United States v. Cooper

Decision Date11 February 2020
Docket NumberC/w 18-3021,No. 17-3057,17-3057
Citation949 F.3d 744
Parties UNITED STATES of America, Appellee v. Tarkara COOPER and Brian Bryant, Appellants
CourtU.S. Court of Appeals — District of Columbia Circuit

Dennis M. Hart, Washington, DC, appointed by the Court, argued the cause and filed the briefs for appellant Tarkara Cooper.

Brian J. Young, appointed by the Court, argued the cause and filed the briefs for appellant Brian Bryant.

Katherine M. Kelly, Assistant U.S. Attorney, argued the cause for appellee. With her on the brief were Jessie K. Liu, U.S. Attorney, and Elizabeth Trosman and John P. Mannarino, Assistant U.S. Attorneys.

Before: Srinivasan and Rao, Circuit Judges, and Randolph, Senior Circuit Judge.

Randolph, Senior Circuit Judge:

Several individuals in the District of Columbia acted together to steal millions of dollars from the Federal Treasury. Their method of operation was this. First beg, steal, purchase or borrow other people’s identities including, most importantly, their Social Security numbers. Then file false income tax returns seeking refunds in their names. Keep the refund requests relatively small. List on the tax returns the addresses, not of the purported filers, but of one or another co-conspirator. Then, when the refund checks from the Treasury arrive, compromise bank tellers, negotiate the checks, and deposit the proceeds in the conspirators’ personal accounts. This multi-year conspiracy netted a total of nearly $5 million in tax refunds from the Treasury.
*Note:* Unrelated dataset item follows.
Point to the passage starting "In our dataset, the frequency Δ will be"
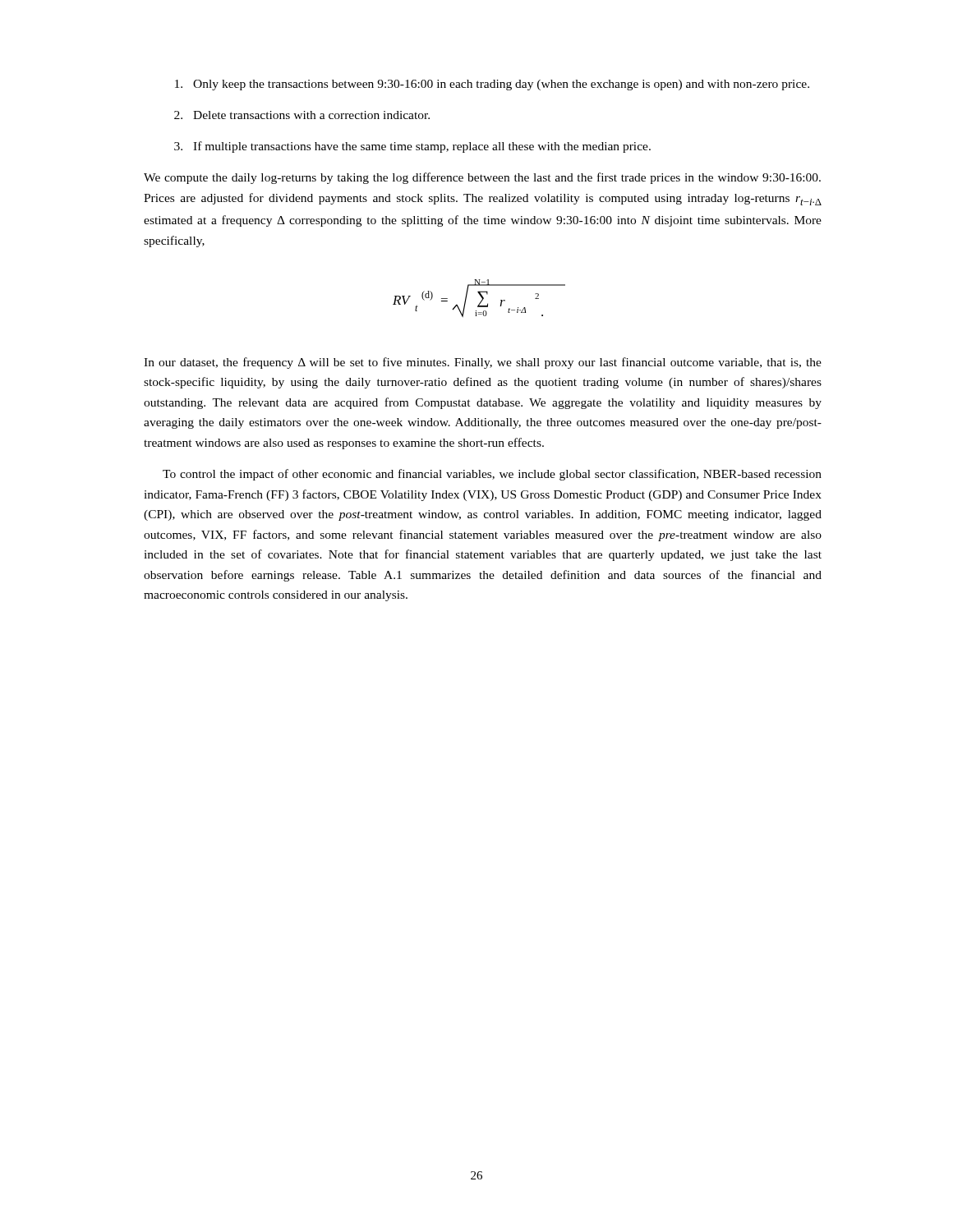 483,402
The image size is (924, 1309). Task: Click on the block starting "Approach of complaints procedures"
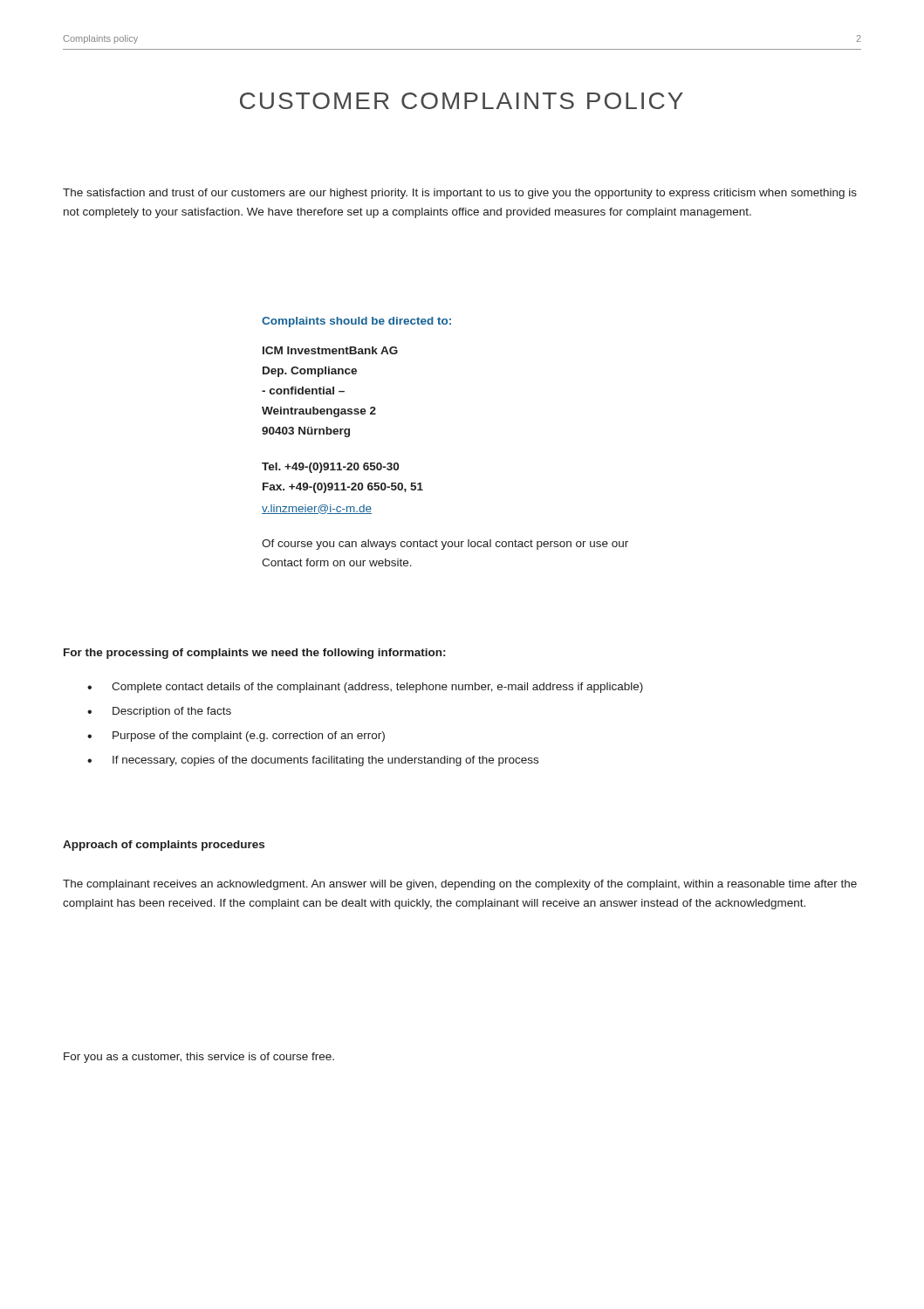(164, 844)

Antonio Cooper, a bus driver and the hub in the wheel in this conspiracy, entered a plea of guilty and testified for the prosecution against others, including his niece, Tarkara Cooper. The jury convicted her and Brian Bryant of theft of public money and conspiracy to defraud the United States. See 18 U.S.C. §§ 641, 371. The jury also convicted Bryant of aggravated identity theft. See 18 U.S.C. § 1028A. The court sentenced Ms. Cooper to 63 month’s imprisonment, 36 month’s supervised release, and ordered her to pay nearly $2 million in restitution. The court sentenced Bryant to 100 month’s imprisonment, 36 month’s supervised release, and ordered him to pay some $650,000 in restitution. Both defendants appeal their convictions and their sentences.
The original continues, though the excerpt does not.